What exactly is bootstrapping? In simple terms, it’s a way to study the population values of your model without doing a formal hypothesis test. Bootstrapping uses the data that you have already collected to create many, many samples, as if you had sampled your population many, many times to get many, many datasets. Remember, the purpose of modeling (and by extension, hypothesis tests) is to use a subset of a population to predict something about that population. We want to be able to use a sample to make educated guesses about features of a population. In our case, we want to use a subset of customers from a set of stores from a company to make predictions about how all customers from the all stores (in the company) shop.

In “traditional” statistics we can attempt to model the data using equations. We have seen some of these models earlier (SLR, MLR, logistic regression, etc.) and there are other options as well depending on what you are predicting and what your data looks like. Instead of using one model on one sample dataset, bootstrapping uses resampling to create many models on many sample datasets and summarizing the results. How does it do this? Well, it takes the original dataset and creates many samples from it.

Think about the primary dataset as a pool of possible values for bootstrapping to pull from. Here, the dataset named retail contains all of the possible values that could appear in a new dataset. When we bootstrap, we are pulling values from that pool to create another dataset of the same size. retail has 1000 observations and 11 variables. Each dataset that the bootstrapping process creates will also have 1000 observations and 11 variables. When creating a dataset, bootstrapping will randomly select a value from the pool for each variable.

For example, in our pool there are

retail %>% 
  select(store) %>% 
  group_by(store) %>% 
  count() %>% 
  kable() %>% 
  kable_styling(c("striped", "responsive"), full_width = FALSE)
store n
A 340
B 332
C 328

340 “A”s, 332 “B”s, and 328 “C”s to choose from.

Let’s suppose we were manually doing bootstrapping and creating a new dataset ourselves. How would we do it? Well, let’s make one observation at a time. Our first observation’s first variable is store. To pick this observation’s store value, we will randomly select a store value from the pool. Each value in the pool has an equal chance of being selected.

set.seed(2024)
sample(retail$store, 1)
## [1] "C"

Alright, that is the value for our first observation’s store. Next we’ll grab a value for customer_type.

sample(retail$customer_type, 1)
## [1] "Normal"

And there is our value for customer_type.
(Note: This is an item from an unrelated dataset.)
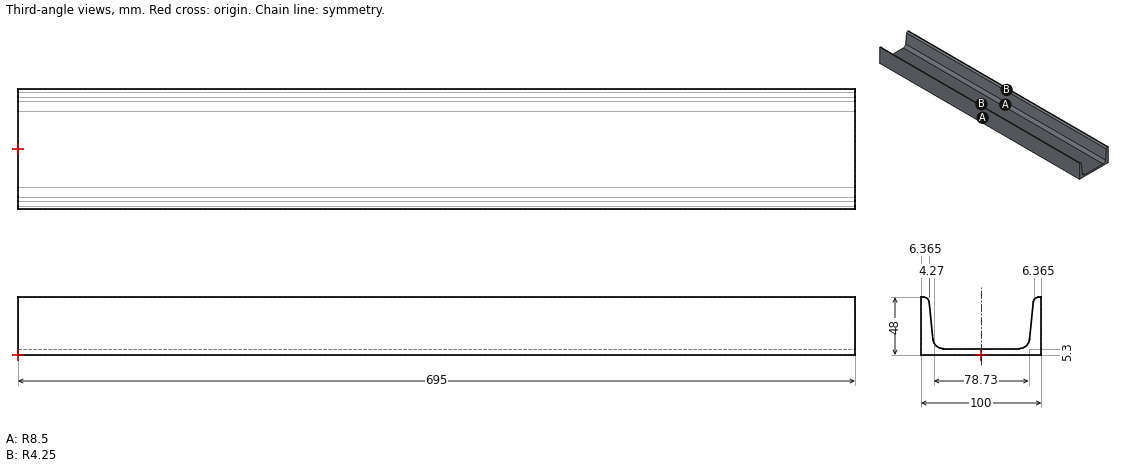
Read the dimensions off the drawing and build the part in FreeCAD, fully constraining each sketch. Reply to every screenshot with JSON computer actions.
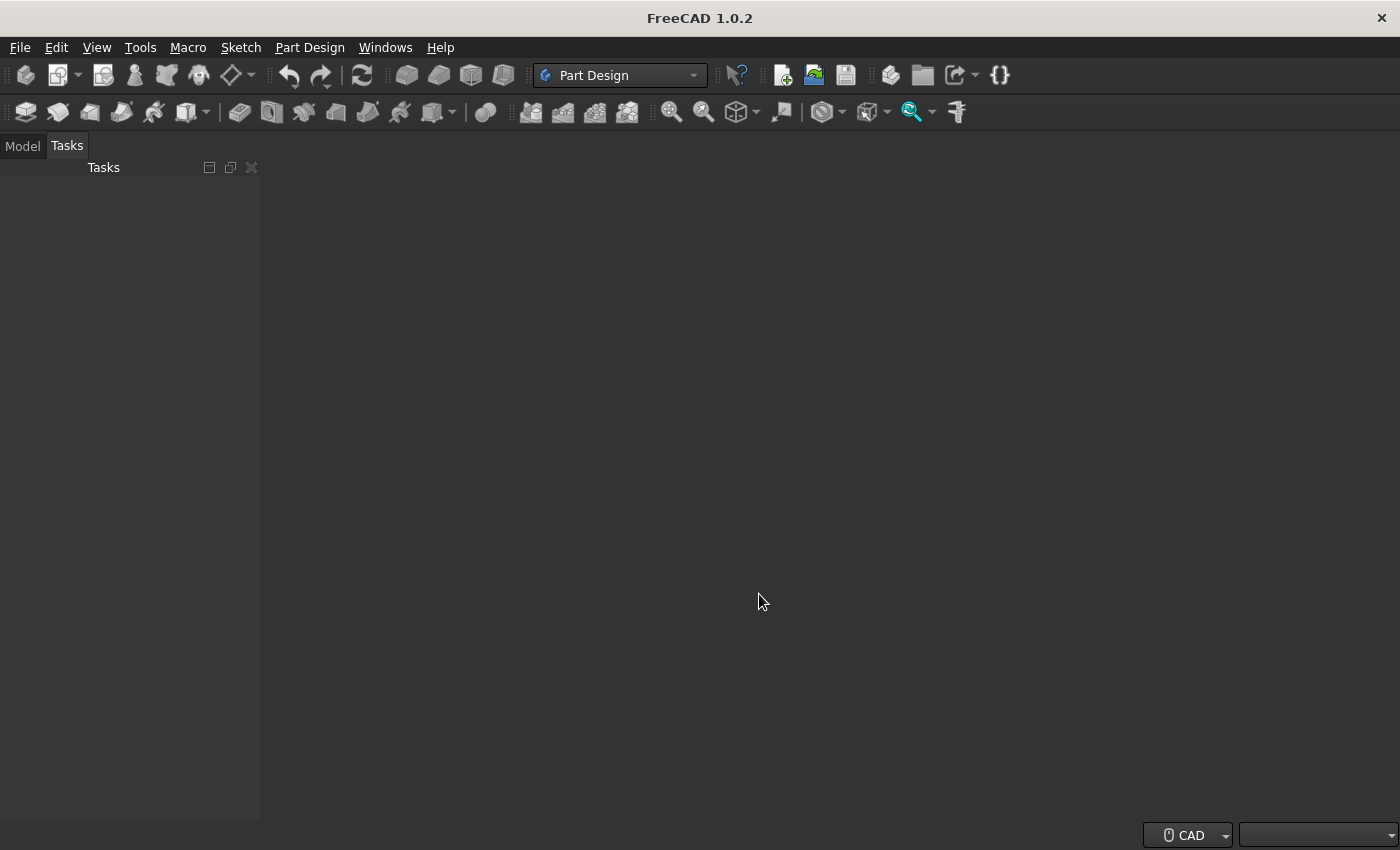
{"action": "left_click", "coordinate": [782, 76]}

We’ll continue this process for each variable. Then we’ll do it again for the second observation. And then again. We’ll do that process 1000 times in total to create a full dataset with new values. It is important to note that we will sample with replacement. Each value that we select for each observation is put back into the pool and could be selected again later in the dataset.

Once we have one dataset, we’ll do it again. And again. And again. Bootstrapping is powerful in that it does this dataset creation process for us and it can do it very quickly. We can create as many resampled datasets as we want but typically you will see the number of these datasets get into the thousands.
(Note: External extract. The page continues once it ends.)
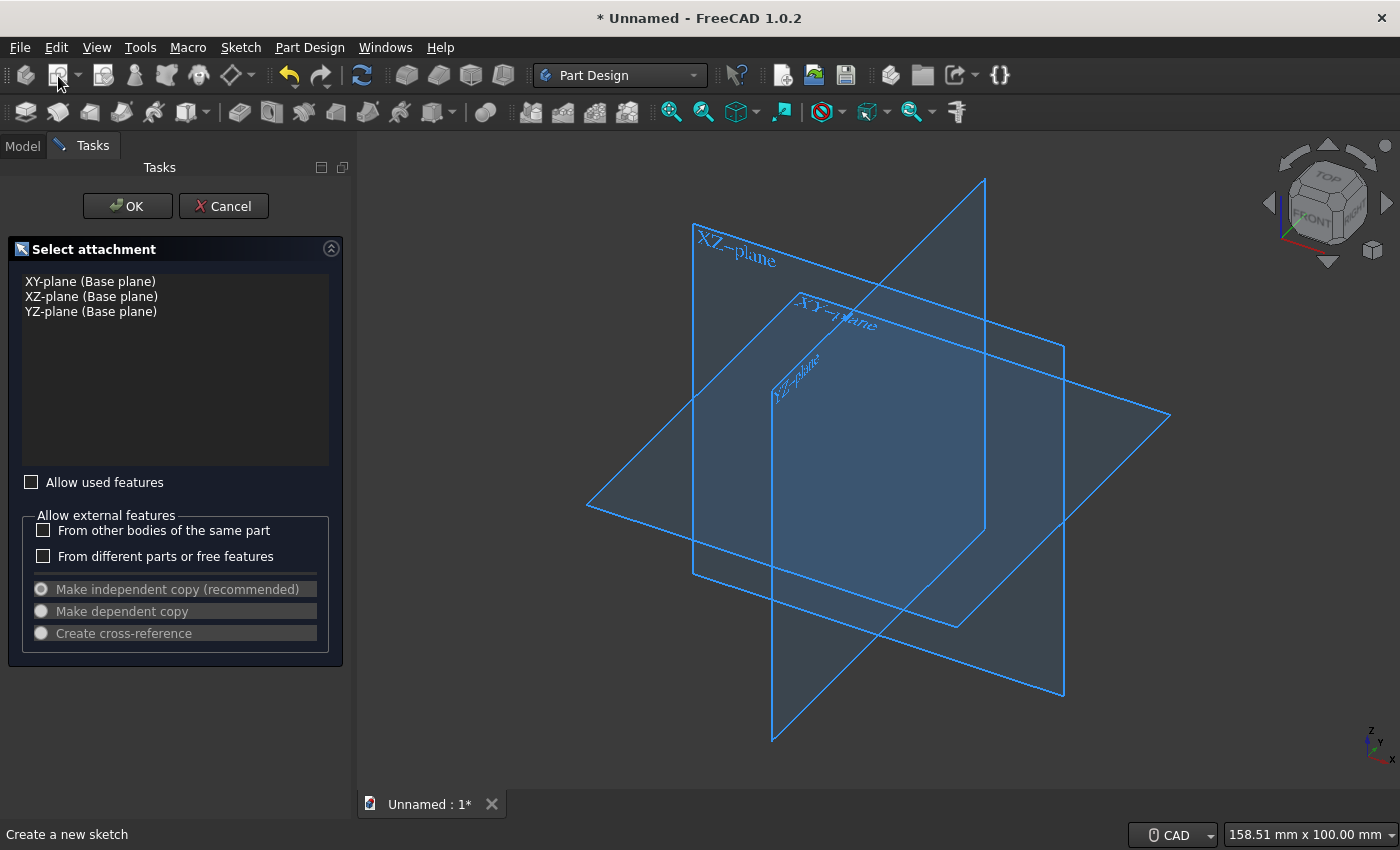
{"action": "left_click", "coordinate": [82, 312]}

Once we have a collection of datasets, we will create a model for each of them. Essentially, we will pick a model (e.g., MLR, multinomial regression, etc.) and use that same model on each of the thousands of datasets. Then we look at the results of all of the models and see the variety of results that we get. We can then see how common certain results are and create a confidence interval for our model results. We can then use this confidence interval to see the likely values for a model of the true population values.

This was a long explanation with a lot of words. Let’s use bootstrapping on our dataset to see how it works.

Looking at Variables

It’s always a good idea to look at our variables first to get an idea of how they related to one another. We’ve done this a bit in previous guides, but let’s get in the habit of doing it.

retail %>% 
  ggpairs() +
  my_theme

Plot matrix of all pairs of varibles.

This makes a very large plot with hard-to-read axes but gives us a general idea of how our data interacts. We can also see the distributions of all of the variables. For more insights about this plot, see the first guide which goes over generalities regarding the data such as skewness and interactions.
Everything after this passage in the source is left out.